Hamas may have up to 12,000 fighters left, according to US officials who spoke to Reuters. This assessment would mean that Hamas has lost around half its strength in eight months of war.
Israel’s assessments were that Hamas had some 24 battalions at the outset of the war and that most of them were defeated. Israel also believed that around 14,000 Hamas members were killed. This would mean thousands were wounded.
This is now a numbers game of interpretation. If Hamas has 9,000-12,000 fighters left, then it has some 12-15 battalions left, not just a few.
“Hamas fighters are now largely avoiding sustained skirmishes with Israeli forces closing in on the southernmost city of Rafah, instead relying on ambushes and improvised bombs to hit targets often behind enemy lines,” one of the officials said to Reuters.
When the numbers don't add up
The report claimed that Hamas also still has fighters in Rafah. But the numbers game here makes no sense. “There are about between 7,000-8,000 Hamas fighters reportedly entrenched in Rafah, the last significant bastion of the group's resistance, according to Israeli and US officials,” the report said.
How can this be? If Hamas has so many people in Rafah, then it has only 1,000 to control the rest of Gaza
This requires skepticism. The fact is that Hamas probably moved most of its fighters out of Rafah and moved back to Khan Younis. Yahya Sinwar, and Sinwar's second-in-command Mohammed Deif are probably in Khan Younis, where Sinwar is from.
Hamas clearly has thousands of fighters in the central camps area of Gaza as well. In addition, Hamas likely has thousands of affiliates in northern Gaza. Hamas also works with other terror groups in Gaza, and they have hundreds or thousands of members. All of the groups are also recruiting and preparing for a long war of attrition.
The fact that Hamas fighters approached the Israeli border fence on the morning of June 6 and clashed with the IDF, killing one IDF soldier, shows the group is still capable of planning and executing operations.

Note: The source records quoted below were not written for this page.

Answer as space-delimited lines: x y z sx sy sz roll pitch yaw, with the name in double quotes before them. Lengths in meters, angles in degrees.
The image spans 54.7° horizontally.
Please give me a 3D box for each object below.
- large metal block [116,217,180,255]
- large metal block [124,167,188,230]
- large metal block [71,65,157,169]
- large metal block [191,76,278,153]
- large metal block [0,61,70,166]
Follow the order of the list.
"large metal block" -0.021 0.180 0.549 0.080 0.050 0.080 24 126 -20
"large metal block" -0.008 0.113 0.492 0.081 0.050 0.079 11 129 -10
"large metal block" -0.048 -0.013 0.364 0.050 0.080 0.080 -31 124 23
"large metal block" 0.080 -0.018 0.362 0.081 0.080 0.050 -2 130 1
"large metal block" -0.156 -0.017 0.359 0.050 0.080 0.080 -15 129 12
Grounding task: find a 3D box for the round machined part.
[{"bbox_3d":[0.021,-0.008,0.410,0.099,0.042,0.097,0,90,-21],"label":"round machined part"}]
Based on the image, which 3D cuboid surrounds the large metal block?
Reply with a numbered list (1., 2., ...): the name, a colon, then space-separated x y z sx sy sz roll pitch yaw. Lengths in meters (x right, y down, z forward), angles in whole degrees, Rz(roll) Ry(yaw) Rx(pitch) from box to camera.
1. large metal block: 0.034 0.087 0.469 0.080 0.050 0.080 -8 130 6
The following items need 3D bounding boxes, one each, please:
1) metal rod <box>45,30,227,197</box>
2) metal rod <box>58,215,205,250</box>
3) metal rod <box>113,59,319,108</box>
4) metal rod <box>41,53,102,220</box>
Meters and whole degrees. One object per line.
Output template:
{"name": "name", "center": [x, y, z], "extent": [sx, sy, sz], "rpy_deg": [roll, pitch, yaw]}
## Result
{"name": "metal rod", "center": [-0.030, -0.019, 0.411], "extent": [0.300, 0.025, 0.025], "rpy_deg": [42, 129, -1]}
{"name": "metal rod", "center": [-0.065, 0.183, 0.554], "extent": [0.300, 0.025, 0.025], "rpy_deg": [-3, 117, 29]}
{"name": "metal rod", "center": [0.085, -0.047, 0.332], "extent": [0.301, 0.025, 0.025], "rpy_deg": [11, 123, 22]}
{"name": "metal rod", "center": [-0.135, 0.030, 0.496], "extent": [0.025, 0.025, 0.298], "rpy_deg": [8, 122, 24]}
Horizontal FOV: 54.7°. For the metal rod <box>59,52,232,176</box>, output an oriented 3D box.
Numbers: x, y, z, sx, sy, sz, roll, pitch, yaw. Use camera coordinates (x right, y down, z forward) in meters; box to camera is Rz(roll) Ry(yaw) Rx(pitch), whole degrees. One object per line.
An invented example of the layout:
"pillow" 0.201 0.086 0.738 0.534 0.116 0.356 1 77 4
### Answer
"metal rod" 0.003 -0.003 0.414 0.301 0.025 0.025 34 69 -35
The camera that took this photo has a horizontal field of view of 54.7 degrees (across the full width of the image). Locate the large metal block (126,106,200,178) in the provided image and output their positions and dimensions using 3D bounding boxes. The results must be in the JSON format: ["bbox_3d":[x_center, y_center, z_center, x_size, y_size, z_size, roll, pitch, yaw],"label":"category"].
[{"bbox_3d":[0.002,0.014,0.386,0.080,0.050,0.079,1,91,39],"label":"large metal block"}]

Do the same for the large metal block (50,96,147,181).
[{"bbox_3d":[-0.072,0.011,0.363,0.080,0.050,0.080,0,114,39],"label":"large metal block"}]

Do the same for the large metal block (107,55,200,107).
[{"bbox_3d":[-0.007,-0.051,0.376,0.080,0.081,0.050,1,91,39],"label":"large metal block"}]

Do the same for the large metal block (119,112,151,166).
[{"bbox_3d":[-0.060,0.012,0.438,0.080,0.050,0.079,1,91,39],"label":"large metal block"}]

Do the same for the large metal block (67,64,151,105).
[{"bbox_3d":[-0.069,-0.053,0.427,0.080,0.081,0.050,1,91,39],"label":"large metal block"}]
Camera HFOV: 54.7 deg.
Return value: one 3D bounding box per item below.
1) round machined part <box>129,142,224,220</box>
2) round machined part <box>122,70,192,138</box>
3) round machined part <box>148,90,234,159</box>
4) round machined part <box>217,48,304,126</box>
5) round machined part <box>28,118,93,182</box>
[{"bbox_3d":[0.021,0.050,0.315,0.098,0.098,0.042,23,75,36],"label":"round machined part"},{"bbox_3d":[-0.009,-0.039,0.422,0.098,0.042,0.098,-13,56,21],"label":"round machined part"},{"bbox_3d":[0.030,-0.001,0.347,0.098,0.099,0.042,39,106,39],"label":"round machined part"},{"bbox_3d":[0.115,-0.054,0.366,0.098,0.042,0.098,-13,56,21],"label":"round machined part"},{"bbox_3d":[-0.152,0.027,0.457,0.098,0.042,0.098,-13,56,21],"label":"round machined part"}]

The article claimed Hamas has 500km of tunnels in Gaza. But how can this be known? Some tunnels have been found, but there are probably many that have not been found. The IDF hasn’t even operated in parts of Gaza, including parts of Rafah, Mawasi, the central camps, and parts of northern Gaza.
Hamas works to gain more control
Gaza now boils down to a numbers game. Hamas is recruiting. Hamas is learning, and Hamas is preparing. Whether it has 8,000 or 12,000 fighters may not be that important. It controls most of Gaza. It always returns when the IDF leaves.
There is no huge breakdown in control, and no one seems to openly oppose Hamas in Gaza. It’s believed that many people do oppose Hamas, but it still has a mafia-like grip on the whole of Gaza.
Israel has preferred to move displaced Gazans into areas that Hamas controls, cementing its grip. Israel doesn’t do what the Iraqi army did in Mosul, which is moving the people behind its lines so they can be separated from the terrorists.
Therefore, a continued pool of recruits is always handed to Hamas. So far, the war has been waged for eight months, and the result is to basically keep Hamas in power. Israeli leaders talk about a “day after” plan but it doesn’t seem to be serious.
Talk of humanitarian “bubbles” or handing over control to others has never panned out, and there doesn’t seem to be any stomach in the region or in the US and elsewhere to work toward this handover of Gaza to anyone other than Hamas.
This leaves the tactics in Gaza without a strategy. Whether Hamas has 8,000 or 10,000 fighters, therefore, doesn’t matter if, in the end, Gazans expect Hamas to return and Hamas is never replaced. It could be defeated and replaced, but the political will is not yet there in Israel.
Every day that goes by, Hamas likely becomes strong. It may have reached some kind of nadir at some point, but now it has nowhere to go but up.
All it has to do is hang on and entrench and carry out a few attacks a day in Gaza. That’s how it thrived from the 1990s to 2007. It knows how to do this.